* _Task directions_: Write down exactly the lines of the listing below, beginning with the one containing "Size = new Vector2(50)" and closing with the final line.
** Opening Data section block **
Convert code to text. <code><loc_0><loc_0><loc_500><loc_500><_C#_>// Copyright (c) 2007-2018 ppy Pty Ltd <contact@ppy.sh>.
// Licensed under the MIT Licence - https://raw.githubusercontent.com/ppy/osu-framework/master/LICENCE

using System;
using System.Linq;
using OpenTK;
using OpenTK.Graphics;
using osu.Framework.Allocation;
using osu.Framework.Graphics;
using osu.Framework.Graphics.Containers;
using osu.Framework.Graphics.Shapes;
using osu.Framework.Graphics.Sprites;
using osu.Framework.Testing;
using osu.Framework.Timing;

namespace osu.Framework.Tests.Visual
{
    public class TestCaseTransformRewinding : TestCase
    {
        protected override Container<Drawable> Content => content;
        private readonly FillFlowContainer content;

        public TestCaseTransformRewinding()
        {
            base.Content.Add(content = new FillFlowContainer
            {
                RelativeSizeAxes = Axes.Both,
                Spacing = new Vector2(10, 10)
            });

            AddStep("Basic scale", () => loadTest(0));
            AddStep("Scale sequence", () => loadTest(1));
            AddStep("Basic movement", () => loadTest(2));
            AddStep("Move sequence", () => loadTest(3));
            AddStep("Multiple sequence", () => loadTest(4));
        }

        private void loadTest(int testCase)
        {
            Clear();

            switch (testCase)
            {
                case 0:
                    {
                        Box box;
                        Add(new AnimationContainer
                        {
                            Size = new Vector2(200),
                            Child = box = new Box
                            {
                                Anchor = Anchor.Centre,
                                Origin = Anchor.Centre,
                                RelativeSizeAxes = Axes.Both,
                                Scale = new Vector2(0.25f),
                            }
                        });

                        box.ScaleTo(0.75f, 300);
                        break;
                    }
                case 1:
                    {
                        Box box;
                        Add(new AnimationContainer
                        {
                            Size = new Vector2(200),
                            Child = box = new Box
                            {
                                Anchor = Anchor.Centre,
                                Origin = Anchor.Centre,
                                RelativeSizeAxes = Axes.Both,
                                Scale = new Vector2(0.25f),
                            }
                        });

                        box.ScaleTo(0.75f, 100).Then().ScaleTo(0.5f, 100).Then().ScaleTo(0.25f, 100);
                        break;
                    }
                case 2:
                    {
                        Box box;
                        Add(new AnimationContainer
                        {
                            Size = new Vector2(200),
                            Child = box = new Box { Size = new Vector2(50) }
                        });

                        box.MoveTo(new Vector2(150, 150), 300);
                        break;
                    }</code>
** Closing Data section block **
* _Exercise solution_:
                            Child = box = new Box { Size = new Vector2(50) }
                        });

                        box.MoveTo(new Vector2(150, 150), 300);
                        break;
                    }</code>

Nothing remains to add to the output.